Hannie Rayson: A pioneer of Australian theatre

By CELINE SABAN-FRIEND

As Crowded House’s album Woodface softly plays inside Mario’s restaurant, Australian playwright Hannie Rayson recalls her extraordinary yet often ordinary life.

Dressed in all black, Rayson and I find ourselves matching, with the exception of her well-worn cherry red boots that put my sneakers to shame. 

Rayson talks to me like an old friend, open and comfortable to share the good and the bad. She makes it easy to forget that she is not only a successful writer but a veteran of theatre. 

With a career spanning more than 30 years, Rayson has written more than a dozen plays, including her most notable work Hotel Sorrento (1990) and Life After George (2000). 

Not only have her plays been performed in Australia but in various countries, and languages, around the world.

They have received numerous awards including two Australian Writers’ Guild Awards, four Helpmann Awards, two NSW Premier’s Literary Awards and a Victorian Premier’s Literary Award.

Hannie Rayson co-founded Theatre Works in 1980. PHOTO: Theatre Works.

While her list of achievements goes on, Rayson is humble. 

According to her previous partner of 14 years and life-long friend, Jaems Grant, Rayson has always been that way.

“She doesn’t act, she doesn’t have a façade or anything, she’s a very open person,” he says.

Every morning at around six o’clock, Rayson walks her husband, historian and ABC Radio National presenter, Michael Cathcart to the ABC offices in Southbank.

She tells me she finds this to be a good way of acclimatising to the world before grabbing a coffee and heading to the State Library. 

The library is often an escape for her. An escape from the often-solitary pursuit of writing and everyday distractions.

“There is a sort of loneliness factor that comes with being a writer and there is a part of me that likes, however pathetically, to be connected with people,” Rayson says.

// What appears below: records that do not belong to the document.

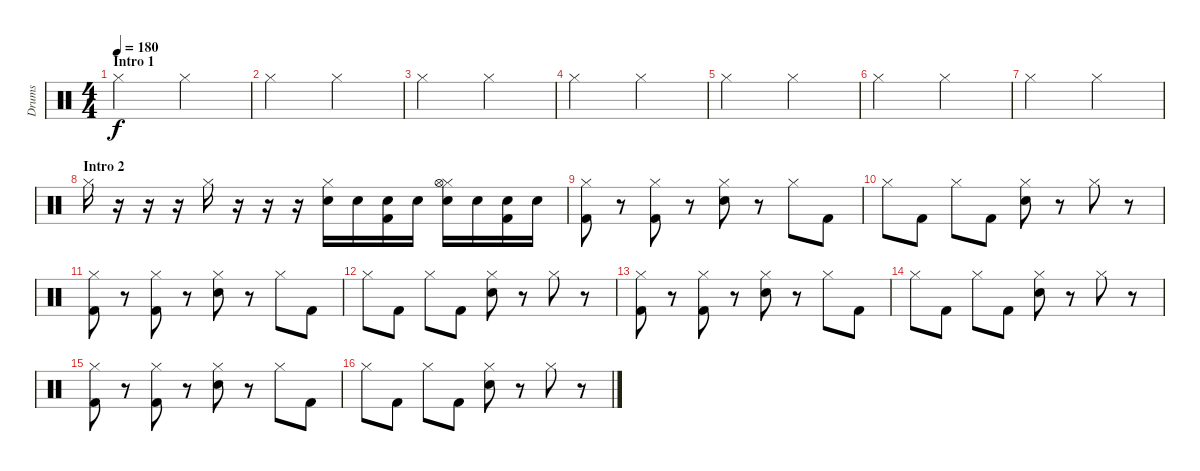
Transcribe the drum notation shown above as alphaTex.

\track ("Drums" "Drums") {instrument percussion}
\staff {score}
\articulation defaults
\ts (4 4)
\section ("" "Intro 1")
\tempo 180
\clef neutral
\ks c "Hi-Hat (closed)".2{dy f} "Hi-Hat (closed)".2
|
"Hi-Hat (closed)".2 "Hi-Hat (closed)".2 |
"Hi-Hat (closed)".2 "Hi-Hat (closed)".2 |
"Hi-Hat (closed)".2 "Hi-Hat (closed)".2 |
"Hi-Hat (closed)".2 "Hi-Hat (closed)".2 |
"Hi-Hat (closed)".2 "Hi-Hat (closed)".2 |
"Hi-Hat (closed)".2 "Hi-Hat (closed)".2 |
\section ("" "Intro 2")
"Hi-Hat (closed)".16 r.16 r.16 r.16 "Hi-Hat (closed)".16 r.16 r.16 r.16 ("Hi-Hat (closed)" "Snare (hit) 2").16 "Snare (hit) 2".16 ("Snare (hit) 2" "Kick (hit) 2").16 "Snare (hit) 2".16 ("Hi-Hat (closed)" "Snare (hit) 2" "Hi-Hat (open)").16 "Snare (hit) 2".16 ("Snare (hit) 2" "Kick (hit) 2").16 "Snare (hit) 2".16 |
("Hi-Hat (closed)" "Kick (hit) 2").8 r.8 ("Hi-Hat (closed)" "Kick (hit) 2").8 r.8 ("Hi-Hat (closed)" "Snare (hit) 2").8 r.8 "Hi-Hat (closed)".8 "Kick (hit) 2".8 |
"Hi-Hat (closed)".8 "Kick (hit) 2".8 "Hi-Hat (closed)".8 "Kick (hit) 2".8 ("Hi-Hat (closed)" "Snare (hit) 2").8 r.8 "Hi-Hat (closed)".8 r.8 |
("Hi-Hat (closed)" "Kick (hit) 2").8 r.8 ("Hi-Hat (closed)" "Kick (hit) 2").8 r.8 ("Hi-Hat (closed)" "Snare (hit) 2").8 r.8 "Hi-Hat (closed)".8 "Kick (hit) 2".8 |
"Hi-Hat (closed)".8 "Kick (hit) 2".8 "Hi-Hat (closed)".8 "Kick (hit) 2".8 ("Hi-Hat (closed)" "Snare (hit) 2").8 r.8 "Hi-Hat (closed)".8 r.8 |
("Hi-Hat (closed)" "Kick (hit) 2").8 r.8 ("Hi-Hat (closed)" "Kick (hit) 2").8 r.8 ("Hi-Hat (closed)" "Snare (hit) 2").8 r.8 "Hi-Hat (closed)".8 "Kick (hit) 2".8 |
"Hi-Hat (closed)".8 "Kick (hit) 2".8 "Hi-Hat (closed)".8 "Kick (hit) 2".8 ("Hi-Hat (closed)" "Snare (hit) 2").8 r.8 "Hi-Hat (closed)".8 r.8 |
("Hi-Hat (closed)" "Kick (hit) 2").8 r.8 ("Hi-Hat (closed)" "Kick (hit) 2").8 r.8 ("Hi-Hat (closed)" "Snare (hit) 2").8 r.8 "Hi-Hat (closed)".8 "Kick (hit) 2".8 |
"Hi-Hat (closed)".8 "Kick (hit) 2".8 "Hi-Hat (closed)".8 "Kick (hit) 2".8 ("Hi-Hat (closed)" "Snare (hit) 2").8 r.8 "Hi-Hat (closed)".8 r.8

“And the world can’t get me in there. It’s just me and my thinking.”

She tells me how in the days of working from home she would often fantasise about life as a business woman, life working 9am to 5pm. 

“There were days when I’d be at home working and I’d be watching these women wearing their navy-blue suits and trainers heading to the bank thinking, ‘I wish I worked in the bank, I wish I was that person'," she says.

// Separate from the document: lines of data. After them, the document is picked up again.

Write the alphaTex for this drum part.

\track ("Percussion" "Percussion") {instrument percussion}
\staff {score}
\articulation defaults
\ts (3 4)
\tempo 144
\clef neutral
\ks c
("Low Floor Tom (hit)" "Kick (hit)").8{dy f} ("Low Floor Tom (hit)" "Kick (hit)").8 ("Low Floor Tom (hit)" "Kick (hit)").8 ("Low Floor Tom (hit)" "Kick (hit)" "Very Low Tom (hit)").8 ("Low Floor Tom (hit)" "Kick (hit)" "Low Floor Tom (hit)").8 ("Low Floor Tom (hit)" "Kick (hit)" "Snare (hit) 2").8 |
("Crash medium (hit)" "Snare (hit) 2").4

Rayson has always had a fascination with the seemingly ordinary parts of life and it has reflected in her plays.

Australian theatre director and devotee to Rayson’s work, Wayne Pearn agrees.

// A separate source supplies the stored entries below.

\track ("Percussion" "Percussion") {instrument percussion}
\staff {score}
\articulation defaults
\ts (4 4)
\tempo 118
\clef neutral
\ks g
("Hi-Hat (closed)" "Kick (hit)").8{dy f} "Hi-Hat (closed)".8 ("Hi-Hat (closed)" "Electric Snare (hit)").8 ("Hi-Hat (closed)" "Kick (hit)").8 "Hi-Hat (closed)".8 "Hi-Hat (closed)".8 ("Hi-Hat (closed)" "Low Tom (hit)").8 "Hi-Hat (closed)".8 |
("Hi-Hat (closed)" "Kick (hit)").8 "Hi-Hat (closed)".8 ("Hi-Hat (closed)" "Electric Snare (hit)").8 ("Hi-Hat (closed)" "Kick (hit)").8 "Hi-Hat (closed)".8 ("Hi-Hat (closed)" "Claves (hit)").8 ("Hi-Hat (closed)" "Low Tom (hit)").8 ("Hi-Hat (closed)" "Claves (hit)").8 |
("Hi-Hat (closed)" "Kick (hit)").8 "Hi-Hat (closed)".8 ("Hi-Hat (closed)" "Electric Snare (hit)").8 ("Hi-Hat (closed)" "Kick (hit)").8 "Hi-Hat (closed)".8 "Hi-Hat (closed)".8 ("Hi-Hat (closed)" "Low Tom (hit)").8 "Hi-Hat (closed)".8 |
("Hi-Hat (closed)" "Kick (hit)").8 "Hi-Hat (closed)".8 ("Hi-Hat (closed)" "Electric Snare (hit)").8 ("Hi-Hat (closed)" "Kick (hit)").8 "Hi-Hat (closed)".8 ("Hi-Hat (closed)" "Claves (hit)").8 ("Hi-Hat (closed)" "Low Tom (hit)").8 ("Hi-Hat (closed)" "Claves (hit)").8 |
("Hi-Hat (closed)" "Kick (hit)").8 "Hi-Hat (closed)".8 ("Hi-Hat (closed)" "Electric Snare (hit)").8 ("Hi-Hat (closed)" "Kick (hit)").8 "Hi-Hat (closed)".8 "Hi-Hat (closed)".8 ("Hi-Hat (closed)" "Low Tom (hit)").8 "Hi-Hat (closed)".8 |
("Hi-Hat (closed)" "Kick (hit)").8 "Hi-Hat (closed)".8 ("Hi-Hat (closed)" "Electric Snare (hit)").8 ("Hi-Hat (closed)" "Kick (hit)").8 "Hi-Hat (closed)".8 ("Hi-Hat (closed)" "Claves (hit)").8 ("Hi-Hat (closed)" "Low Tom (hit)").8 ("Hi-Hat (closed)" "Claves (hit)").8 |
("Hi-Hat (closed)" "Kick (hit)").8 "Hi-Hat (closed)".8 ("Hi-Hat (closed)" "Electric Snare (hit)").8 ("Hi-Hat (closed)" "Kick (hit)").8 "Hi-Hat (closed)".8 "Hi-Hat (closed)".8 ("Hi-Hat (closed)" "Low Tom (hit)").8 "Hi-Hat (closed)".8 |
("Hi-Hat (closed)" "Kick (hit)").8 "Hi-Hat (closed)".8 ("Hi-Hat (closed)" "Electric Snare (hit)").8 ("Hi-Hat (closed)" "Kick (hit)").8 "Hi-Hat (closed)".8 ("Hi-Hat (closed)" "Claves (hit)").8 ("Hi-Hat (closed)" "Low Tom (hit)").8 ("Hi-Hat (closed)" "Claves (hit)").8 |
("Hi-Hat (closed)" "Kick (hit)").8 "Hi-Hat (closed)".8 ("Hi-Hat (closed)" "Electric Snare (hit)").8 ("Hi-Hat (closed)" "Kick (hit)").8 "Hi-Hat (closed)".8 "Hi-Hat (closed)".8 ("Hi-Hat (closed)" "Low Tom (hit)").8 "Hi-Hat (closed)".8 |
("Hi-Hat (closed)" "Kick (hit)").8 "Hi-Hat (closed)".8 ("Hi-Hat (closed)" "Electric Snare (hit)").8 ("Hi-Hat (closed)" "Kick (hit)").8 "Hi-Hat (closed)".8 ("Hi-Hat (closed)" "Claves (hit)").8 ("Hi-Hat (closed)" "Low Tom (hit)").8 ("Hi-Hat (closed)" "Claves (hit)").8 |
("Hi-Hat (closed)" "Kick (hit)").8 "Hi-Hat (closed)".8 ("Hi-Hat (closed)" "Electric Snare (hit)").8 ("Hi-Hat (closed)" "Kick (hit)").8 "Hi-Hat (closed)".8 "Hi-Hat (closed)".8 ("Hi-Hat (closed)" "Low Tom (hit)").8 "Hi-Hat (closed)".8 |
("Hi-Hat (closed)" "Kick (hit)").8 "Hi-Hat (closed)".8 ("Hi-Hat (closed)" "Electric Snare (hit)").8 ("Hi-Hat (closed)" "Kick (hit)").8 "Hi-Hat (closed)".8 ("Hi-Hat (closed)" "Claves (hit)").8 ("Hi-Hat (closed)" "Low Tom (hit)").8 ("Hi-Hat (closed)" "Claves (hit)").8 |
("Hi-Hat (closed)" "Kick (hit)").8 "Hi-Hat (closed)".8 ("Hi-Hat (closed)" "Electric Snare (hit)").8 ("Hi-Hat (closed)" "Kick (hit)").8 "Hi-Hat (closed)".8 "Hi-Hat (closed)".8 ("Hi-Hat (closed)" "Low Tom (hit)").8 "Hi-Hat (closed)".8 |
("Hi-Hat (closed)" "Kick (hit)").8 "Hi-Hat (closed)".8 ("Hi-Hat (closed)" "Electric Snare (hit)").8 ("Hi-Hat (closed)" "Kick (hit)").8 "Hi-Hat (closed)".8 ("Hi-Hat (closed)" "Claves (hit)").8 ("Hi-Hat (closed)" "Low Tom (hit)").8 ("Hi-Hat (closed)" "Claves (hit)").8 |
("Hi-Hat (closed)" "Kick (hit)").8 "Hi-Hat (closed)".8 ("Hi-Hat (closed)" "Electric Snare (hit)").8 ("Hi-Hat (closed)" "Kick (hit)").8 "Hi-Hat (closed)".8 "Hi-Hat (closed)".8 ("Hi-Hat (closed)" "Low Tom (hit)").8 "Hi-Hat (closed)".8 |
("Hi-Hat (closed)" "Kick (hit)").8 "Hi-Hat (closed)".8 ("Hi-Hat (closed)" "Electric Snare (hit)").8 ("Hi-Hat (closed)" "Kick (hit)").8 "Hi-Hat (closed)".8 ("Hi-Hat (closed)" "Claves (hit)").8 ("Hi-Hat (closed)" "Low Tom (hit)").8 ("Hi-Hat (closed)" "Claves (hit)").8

“Her work is a slice of life. She has this acute sense of how family, relationships and just how people work,” he said.

Now aged 62, Rayson is facing a whole new set of challenges associated with getting older and remaining relevant. The theatre company she co-founded in 1980 as a young art student, Theatre Works, is now one of the last remaining alternative companies in Melbourne. 

Theatre Works in St Kilda. PHOTO: Celine Saban-Friend.

Three decades on, there’s a new generation taking on the message that Theatre Works always promoted, to inspire the discovery, creation and love of theatre.

Each year Rayson grows older, she feels an increasing pressure to stay current. When it becomes too much, she often turns to her husband, and her fellow female writers for support.

“It helps that I’ve written before and certainly having a partner that’s been with you for a long time and knows ‘oh you must be at the halfway mark of a play because you are acting like this'," she says while chuckling.

“I write letters to a lot of other women writers around Australia too. That’s how I find a society for myself. They are my cheerleaders and we are cheerleaders for each other.”

As we neared the end of our chat, Rayson recited to me one of her favourite lines from the Walt Whitman poem, Song of Myself.

“Do I contradict myself? Very well then I contradict myself, [I am large, I contain multitudes],” she says.

Rayson treats this excerpt as a motto, reminding herself to not take things too seriously.

“I keep that alive in myself. Everyone contains multitudes and sometimes we only know one part of them.”